### EXERCISE INSTRUCTIONS
Please count how many lines below contain the word "track" and reply with only that number.

(Stored items)

--

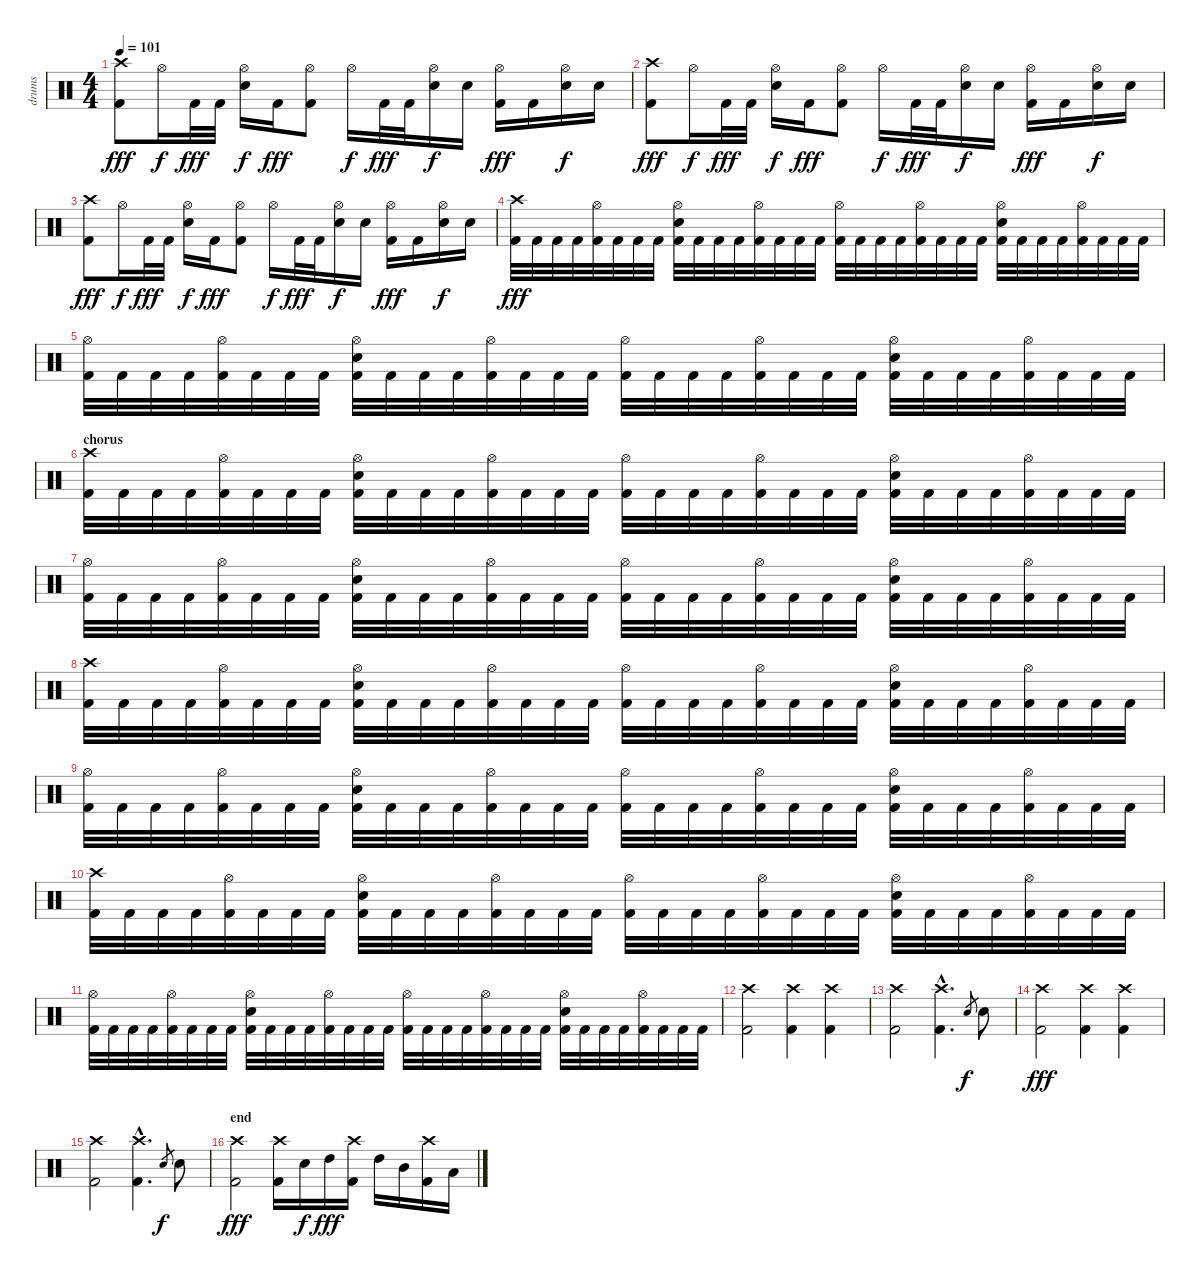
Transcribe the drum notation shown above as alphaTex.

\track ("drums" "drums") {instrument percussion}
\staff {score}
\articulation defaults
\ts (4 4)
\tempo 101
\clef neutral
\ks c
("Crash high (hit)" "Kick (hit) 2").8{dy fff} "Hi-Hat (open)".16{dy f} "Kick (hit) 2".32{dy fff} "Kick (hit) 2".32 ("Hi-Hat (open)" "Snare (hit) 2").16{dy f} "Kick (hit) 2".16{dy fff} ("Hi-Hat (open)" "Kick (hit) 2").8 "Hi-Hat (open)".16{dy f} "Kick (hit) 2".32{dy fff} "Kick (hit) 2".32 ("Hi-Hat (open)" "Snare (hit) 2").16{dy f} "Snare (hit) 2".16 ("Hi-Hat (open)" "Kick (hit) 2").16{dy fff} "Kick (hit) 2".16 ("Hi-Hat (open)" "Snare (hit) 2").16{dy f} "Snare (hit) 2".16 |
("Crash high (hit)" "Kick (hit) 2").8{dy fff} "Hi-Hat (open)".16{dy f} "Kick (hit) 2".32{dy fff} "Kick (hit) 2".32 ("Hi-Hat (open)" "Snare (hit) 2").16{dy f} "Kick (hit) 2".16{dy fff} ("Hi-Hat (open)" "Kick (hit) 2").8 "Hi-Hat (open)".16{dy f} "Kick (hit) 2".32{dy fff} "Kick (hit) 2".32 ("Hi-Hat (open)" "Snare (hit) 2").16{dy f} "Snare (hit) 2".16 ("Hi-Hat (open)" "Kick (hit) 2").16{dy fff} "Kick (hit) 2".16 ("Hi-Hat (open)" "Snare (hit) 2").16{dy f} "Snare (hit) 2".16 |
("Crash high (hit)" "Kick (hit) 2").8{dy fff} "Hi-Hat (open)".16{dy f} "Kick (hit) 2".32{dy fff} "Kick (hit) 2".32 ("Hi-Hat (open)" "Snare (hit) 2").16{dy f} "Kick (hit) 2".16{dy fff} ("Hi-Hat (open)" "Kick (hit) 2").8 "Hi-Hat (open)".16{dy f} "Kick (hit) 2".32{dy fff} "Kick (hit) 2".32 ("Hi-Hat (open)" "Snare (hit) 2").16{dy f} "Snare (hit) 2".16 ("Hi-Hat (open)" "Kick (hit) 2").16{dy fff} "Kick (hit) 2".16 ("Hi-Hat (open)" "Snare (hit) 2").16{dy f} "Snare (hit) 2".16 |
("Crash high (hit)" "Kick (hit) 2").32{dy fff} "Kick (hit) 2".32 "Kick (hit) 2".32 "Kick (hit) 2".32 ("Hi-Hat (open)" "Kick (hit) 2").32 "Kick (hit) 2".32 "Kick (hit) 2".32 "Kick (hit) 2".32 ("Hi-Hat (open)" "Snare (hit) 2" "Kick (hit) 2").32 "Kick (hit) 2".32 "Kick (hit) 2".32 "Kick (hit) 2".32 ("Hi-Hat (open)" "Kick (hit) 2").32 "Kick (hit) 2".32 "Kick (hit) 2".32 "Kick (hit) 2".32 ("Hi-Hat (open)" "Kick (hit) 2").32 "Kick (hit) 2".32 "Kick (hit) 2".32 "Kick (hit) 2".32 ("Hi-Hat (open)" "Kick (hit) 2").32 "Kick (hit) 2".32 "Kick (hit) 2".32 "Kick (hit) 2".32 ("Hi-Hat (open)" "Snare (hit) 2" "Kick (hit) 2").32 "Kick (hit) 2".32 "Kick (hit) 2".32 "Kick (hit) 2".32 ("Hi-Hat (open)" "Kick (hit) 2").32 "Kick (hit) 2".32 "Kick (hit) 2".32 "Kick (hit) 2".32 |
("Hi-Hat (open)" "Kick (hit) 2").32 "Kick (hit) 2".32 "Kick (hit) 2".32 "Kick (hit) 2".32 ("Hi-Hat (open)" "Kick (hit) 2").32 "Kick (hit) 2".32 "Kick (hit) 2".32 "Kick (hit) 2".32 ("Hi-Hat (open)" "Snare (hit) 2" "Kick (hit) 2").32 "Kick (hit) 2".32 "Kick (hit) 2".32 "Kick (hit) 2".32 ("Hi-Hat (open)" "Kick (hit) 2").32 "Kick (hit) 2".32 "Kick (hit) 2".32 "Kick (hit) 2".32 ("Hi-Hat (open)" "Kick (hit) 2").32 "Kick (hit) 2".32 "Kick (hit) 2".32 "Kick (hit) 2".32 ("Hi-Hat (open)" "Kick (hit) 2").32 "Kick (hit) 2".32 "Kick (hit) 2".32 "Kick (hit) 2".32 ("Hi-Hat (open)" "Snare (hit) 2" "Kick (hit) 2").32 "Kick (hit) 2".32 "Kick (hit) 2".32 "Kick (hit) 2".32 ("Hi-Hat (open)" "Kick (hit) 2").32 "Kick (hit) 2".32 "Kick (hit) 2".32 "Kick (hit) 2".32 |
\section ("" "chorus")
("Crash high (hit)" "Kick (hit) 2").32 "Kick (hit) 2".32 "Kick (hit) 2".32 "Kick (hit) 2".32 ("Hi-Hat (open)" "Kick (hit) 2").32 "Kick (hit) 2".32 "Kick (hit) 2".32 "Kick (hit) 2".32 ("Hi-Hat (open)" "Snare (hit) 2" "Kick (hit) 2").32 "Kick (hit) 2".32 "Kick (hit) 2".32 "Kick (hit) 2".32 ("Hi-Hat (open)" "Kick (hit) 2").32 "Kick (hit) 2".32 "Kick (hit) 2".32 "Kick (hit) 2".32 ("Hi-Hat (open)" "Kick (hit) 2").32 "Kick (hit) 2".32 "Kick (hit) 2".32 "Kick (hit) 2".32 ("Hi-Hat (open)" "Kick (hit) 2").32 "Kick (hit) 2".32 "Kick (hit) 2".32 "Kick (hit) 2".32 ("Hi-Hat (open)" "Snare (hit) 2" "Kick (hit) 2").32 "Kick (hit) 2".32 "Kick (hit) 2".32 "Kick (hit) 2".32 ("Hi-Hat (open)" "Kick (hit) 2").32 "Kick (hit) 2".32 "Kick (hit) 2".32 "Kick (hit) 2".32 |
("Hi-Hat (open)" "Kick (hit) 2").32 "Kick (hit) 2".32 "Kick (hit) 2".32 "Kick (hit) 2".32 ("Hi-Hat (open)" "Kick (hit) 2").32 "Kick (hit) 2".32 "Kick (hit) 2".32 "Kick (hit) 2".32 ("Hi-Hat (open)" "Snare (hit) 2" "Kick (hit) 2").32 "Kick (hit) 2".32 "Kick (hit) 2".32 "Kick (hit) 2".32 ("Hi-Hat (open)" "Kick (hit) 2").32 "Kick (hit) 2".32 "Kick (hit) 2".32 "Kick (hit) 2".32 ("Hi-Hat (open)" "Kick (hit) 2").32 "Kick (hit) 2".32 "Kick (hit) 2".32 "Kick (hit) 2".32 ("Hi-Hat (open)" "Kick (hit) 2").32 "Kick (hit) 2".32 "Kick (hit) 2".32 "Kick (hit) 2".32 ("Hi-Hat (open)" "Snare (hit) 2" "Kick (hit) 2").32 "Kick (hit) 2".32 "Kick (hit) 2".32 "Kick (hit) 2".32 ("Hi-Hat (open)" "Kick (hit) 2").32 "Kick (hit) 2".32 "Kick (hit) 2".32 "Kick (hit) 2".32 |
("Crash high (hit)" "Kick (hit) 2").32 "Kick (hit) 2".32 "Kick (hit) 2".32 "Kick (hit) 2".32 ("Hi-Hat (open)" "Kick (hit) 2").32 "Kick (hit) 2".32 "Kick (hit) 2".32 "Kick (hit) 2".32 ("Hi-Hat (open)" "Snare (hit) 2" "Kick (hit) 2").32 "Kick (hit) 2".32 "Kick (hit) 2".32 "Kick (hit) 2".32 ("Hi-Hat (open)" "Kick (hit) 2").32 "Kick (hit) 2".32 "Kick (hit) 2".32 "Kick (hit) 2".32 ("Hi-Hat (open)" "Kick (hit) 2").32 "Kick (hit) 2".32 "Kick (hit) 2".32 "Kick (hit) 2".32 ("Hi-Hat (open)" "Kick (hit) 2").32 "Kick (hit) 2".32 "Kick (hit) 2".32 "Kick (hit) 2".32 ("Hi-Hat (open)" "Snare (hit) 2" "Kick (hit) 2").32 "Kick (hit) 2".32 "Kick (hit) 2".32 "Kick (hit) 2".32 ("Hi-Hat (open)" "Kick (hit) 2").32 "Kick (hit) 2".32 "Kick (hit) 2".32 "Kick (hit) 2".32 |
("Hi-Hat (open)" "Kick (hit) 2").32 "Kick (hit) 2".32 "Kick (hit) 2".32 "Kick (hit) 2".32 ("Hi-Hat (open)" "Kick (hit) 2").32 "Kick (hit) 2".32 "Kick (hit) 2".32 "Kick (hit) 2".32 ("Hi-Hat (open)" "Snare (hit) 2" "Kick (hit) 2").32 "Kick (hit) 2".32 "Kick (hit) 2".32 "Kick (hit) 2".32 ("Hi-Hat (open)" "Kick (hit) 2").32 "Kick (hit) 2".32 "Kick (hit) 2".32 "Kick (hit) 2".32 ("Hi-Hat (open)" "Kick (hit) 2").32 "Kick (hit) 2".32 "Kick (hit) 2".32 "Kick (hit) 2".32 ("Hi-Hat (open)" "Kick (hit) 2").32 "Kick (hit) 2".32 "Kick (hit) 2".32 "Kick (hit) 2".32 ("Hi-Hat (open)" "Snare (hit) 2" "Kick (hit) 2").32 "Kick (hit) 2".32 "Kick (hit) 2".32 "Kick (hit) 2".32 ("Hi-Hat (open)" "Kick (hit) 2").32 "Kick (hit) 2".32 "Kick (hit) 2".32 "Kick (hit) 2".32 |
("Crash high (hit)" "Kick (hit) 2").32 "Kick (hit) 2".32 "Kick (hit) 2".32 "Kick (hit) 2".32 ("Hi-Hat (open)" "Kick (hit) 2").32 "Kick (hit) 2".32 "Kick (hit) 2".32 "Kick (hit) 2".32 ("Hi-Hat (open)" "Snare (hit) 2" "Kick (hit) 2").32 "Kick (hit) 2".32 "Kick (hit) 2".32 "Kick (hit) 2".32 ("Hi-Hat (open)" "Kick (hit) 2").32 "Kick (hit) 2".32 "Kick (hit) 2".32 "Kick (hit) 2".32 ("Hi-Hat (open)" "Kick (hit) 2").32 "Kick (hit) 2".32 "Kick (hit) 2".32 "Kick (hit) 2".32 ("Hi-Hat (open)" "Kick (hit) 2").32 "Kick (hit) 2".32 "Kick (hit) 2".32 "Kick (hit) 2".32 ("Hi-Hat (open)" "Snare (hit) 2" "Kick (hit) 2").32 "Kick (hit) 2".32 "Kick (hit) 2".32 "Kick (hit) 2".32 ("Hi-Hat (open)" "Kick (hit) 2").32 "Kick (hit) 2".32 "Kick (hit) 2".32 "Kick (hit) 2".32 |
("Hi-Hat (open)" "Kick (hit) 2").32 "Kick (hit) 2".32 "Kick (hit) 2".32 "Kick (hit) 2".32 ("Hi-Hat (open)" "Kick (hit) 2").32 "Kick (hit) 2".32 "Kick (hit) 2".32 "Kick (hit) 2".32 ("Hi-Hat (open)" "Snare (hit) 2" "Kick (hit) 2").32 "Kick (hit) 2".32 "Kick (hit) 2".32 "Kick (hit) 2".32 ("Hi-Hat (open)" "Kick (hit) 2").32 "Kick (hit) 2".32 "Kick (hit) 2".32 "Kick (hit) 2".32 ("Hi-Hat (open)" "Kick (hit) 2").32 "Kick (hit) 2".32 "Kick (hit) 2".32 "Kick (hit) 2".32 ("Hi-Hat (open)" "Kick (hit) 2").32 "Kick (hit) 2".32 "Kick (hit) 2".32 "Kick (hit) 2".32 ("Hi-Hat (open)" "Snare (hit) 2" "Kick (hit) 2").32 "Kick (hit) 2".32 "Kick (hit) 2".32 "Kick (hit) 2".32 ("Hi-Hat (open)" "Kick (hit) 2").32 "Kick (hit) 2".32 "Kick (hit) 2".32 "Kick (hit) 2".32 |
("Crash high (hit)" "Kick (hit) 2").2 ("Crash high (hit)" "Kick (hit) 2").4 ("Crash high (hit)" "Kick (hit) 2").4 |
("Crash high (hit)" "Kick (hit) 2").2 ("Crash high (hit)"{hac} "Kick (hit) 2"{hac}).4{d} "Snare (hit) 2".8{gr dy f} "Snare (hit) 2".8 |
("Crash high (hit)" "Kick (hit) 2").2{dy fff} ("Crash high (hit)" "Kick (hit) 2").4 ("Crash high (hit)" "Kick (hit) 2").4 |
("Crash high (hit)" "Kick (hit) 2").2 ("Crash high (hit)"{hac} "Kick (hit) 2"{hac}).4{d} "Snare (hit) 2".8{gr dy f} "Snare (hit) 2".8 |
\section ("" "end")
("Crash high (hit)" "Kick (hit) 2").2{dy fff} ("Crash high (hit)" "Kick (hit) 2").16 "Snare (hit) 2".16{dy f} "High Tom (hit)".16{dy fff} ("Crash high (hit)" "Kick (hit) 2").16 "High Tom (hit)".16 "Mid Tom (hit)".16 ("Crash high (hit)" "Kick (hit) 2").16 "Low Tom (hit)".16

--

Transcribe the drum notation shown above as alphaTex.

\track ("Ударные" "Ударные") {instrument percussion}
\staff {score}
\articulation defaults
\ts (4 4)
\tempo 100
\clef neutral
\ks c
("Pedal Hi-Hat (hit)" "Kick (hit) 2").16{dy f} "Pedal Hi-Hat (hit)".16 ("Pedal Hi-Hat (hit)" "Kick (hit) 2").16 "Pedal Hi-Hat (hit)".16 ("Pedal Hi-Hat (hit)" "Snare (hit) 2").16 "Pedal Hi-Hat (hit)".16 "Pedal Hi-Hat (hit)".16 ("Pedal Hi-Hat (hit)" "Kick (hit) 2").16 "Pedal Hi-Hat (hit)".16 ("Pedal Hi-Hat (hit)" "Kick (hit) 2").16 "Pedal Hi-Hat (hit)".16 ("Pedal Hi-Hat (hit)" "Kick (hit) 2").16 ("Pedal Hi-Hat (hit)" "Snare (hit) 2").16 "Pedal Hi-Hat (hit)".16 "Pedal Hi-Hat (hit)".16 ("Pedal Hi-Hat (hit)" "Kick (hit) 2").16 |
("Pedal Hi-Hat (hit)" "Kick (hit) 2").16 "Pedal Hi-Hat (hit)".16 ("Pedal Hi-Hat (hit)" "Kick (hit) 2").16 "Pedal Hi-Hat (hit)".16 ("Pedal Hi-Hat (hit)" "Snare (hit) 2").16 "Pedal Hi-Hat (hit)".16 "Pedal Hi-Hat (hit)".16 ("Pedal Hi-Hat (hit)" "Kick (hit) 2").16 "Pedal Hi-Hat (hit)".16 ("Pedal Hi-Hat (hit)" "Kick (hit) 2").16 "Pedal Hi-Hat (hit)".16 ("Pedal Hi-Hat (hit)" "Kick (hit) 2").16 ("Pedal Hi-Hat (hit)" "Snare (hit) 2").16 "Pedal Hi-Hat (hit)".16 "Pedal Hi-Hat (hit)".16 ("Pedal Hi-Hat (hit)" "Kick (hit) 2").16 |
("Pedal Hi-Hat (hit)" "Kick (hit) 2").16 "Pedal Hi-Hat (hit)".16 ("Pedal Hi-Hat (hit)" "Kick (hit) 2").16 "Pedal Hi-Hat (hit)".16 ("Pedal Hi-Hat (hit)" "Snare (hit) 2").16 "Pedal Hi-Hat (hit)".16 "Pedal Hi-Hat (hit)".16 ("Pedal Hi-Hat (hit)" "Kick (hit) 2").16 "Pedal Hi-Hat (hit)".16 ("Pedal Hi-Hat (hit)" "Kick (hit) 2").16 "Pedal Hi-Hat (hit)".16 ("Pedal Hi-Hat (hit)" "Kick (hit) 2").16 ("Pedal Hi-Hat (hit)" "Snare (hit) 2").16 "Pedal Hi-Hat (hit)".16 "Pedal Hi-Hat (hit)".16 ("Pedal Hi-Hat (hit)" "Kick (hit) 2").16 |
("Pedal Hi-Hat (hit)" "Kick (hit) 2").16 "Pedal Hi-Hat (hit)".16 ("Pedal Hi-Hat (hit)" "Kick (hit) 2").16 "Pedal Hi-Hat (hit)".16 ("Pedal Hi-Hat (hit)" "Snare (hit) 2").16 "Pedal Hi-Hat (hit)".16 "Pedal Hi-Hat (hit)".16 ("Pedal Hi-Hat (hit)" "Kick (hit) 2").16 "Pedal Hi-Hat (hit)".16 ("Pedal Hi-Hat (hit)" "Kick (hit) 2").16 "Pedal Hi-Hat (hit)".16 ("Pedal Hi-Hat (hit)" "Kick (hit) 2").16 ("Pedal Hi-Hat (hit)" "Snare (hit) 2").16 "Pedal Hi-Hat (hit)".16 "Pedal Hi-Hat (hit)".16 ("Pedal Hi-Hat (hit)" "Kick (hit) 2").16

--

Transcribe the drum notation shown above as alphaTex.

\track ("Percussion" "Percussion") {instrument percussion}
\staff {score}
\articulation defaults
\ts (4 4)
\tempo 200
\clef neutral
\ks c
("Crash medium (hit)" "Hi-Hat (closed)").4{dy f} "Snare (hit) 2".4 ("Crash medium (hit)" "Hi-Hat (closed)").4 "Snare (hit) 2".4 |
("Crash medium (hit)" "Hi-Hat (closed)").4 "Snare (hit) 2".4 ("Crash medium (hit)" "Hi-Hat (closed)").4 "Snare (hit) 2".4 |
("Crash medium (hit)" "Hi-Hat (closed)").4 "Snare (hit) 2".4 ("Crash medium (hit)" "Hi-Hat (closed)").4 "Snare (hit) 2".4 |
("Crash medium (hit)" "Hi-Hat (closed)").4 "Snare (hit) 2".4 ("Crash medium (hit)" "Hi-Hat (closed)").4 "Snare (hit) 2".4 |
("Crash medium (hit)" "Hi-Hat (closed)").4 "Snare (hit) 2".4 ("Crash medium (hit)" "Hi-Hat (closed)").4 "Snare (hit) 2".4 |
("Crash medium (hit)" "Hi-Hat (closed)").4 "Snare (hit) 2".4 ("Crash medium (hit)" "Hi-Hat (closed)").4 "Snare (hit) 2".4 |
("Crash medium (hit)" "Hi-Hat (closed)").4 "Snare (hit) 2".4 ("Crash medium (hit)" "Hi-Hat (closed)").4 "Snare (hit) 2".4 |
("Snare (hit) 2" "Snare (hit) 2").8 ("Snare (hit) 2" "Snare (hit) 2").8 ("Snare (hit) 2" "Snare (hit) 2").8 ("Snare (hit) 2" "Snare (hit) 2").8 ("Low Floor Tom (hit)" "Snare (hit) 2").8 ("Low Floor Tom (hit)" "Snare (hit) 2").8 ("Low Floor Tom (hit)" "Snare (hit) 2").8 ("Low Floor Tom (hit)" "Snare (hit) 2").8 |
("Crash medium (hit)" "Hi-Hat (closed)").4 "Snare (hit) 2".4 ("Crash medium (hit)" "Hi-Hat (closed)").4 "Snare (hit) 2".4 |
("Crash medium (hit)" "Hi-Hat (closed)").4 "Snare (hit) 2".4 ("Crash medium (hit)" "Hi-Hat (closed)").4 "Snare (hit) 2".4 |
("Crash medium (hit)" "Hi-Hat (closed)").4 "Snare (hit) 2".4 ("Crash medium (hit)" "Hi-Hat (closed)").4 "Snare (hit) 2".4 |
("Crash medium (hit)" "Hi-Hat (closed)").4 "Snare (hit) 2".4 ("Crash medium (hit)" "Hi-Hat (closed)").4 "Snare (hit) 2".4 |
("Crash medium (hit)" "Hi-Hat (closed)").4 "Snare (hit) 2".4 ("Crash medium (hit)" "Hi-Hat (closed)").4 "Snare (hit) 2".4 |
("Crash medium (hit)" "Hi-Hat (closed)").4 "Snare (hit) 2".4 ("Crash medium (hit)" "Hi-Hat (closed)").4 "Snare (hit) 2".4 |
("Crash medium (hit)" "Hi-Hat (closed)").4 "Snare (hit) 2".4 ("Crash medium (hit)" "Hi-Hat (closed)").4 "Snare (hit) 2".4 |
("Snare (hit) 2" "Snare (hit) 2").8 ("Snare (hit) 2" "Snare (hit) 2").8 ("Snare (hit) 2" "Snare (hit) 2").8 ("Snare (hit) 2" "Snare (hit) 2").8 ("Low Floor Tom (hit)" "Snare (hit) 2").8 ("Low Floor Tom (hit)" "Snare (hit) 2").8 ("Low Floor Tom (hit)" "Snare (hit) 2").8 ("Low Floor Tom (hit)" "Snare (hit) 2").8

--

### FINAL ANSWER
3